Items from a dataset
----

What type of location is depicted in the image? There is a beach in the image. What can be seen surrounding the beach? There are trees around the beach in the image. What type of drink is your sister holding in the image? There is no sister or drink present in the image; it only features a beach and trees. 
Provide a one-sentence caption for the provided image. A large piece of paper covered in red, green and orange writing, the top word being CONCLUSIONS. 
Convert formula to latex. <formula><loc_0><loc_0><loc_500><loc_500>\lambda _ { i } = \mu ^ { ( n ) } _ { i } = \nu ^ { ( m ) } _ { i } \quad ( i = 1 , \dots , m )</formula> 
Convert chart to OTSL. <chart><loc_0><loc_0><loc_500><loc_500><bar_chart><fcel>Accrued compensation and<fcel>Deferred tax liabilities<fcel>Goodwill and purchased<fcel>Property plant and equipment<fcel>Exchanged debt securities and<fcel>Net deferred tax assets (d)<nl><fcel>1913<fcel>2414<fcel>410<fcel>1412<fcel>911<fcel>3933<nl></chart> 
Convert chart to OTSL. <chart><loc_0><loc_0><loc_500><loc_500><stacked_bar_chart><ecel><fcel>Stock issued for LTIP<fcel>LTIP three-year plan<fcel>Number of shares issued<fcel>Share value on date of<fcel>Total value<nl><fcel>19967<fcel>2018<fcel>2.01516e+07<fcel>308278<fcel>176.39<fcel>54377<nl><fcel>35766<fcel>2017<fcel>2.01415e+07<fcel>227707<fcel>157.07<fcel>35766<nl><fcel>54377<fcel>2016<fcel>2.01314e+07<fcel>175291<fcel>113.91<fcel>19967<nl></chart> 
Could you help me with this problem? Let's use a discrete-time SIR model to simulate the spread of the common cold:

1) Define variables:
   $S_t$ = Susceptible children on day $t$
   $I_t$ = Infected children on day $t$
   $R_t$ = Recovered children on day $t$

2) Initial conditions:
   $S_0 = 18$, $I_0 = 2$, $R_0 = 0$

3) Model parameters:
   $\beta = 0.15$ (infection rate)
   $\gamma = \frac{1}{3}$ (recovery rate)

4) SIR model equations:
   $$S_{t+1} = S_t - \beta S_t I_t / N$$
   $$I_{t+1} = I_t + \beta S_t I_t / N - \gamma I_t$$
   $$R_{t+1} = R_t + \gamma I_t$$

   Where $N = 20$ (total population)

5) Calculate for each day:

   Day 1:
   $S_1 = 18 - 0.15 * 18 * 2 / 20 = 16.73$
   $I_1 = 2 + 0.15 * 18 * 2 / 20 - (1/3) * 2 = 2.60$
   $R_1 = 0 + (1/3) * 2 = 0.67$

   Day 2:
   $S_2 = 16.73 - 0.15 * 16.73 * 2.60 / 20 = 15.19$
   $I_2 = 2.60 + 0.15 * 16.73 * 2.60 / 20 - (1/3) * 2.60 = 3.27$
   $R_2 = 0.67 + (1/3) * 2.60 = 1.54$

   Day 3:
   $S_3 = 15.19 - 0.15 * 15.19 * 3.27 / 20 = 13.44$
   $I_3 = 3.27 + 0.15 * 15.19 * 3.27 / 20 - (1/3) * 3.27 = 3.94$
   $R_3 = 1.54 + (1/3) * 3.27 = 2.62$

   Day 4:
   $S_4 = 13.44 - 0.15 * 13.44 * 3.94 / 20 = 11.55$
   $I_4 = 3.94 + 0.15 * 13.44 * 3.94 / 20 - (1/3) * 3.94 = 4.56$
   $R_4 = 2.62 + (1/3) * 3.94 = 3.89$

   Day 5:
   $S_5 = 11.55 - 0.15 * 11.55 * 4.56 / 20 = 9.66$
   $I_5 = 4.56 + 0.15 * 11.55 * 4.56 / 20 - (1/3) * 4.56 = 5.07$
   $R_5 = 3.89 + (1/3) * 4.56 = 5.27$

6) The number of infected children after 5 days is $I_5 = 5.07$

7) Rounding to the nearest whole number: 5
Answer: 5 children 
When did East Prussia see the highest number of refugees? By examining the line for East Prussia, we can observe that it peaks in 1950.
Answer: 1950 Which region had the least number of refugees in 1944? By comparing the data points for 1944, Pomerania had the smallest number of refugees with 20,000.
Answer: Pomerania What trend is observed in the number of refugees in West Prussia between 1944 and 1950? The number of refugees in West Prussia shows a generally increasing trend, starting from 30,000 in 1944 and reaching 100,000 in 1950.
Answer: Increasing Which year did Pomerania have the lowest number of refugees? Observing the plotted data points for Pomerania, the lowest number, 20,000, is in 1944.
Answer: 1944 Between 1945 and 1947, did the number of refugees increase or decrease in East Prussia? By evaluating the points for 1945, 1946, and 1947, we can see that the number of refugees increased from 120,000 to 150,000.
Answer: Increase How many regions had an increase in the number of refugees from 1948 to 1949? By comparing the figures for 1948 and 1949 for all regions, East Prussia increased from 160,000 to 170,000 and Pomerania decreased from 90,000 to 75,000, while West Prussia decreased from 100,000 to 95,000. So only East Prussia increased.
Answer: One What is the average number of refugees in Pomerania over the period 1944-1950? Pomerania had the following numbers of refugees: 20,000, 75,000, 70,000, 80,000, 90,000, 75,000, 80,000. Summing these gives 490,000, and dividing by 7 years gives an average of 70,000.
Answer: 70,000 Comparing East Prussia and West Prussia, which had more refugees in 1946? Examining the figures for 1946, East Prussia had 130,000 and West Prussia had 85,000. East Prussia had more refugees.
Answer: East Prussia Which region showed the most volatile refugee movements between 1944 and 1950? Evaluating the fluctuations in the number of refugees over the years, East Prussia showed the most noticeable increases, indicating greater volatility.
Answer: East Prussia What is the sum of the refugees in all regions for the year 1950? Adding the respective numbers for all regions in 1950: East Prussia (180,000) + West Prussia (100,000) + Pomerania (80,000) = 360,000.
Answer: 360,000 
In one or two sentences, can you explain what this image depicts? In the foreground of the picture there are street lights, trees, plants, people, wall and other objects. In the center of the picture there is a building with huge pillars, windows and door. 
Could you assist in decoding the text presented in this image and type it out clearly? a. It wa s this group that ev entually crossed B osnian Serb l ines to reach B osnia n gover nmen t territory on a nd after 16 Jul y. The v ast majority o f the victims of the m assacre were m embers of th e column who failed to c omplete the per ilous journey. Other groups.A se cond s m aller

----

EXERCISE
Quote exactly the first line of the data and every line after it through the one holding "compensation and<fcel>Deferred tax".

OUTPUT OF THE EXERCISE
What type of location is depicted in the image? There is a beach in the image. What can be seen surrounding the beach? There are trees around the beach in the image. What type of drink is your sister holding in the image? There is no sister or drink present in the image; it only features a beach and trees. 
Provide a one-sentence caption for the provided image. A large piece of paper covered in red, green and orange writing, the top word being CONCLUSIONS. 
Convert formula to latex. <formula><loc_0><loc_0><loc_500><loc_500>\lambda _ { i } = \mu ^ { ( n ) } _ { i } = \nu ^ { ( m ) } _ { i } \quad ( i = 1 , \dots , m )</formula> 
Convert chart to OTSL. <chart><loc_0><loc_0><loc_500><loc_500><bar_chart><fcel>Accrued compensation and<fcel>Deferred tax liabilities<fcel>Goodwill and purchased<fcel>Property plant and equipment<fcel>Exchanged debt securities and<fcel>Net deferred tax assets (d)<nl><fcel>1913<fcel>2414<fcel>410<fcel>1412<fcel>911<fcel>3933<nl></chart> 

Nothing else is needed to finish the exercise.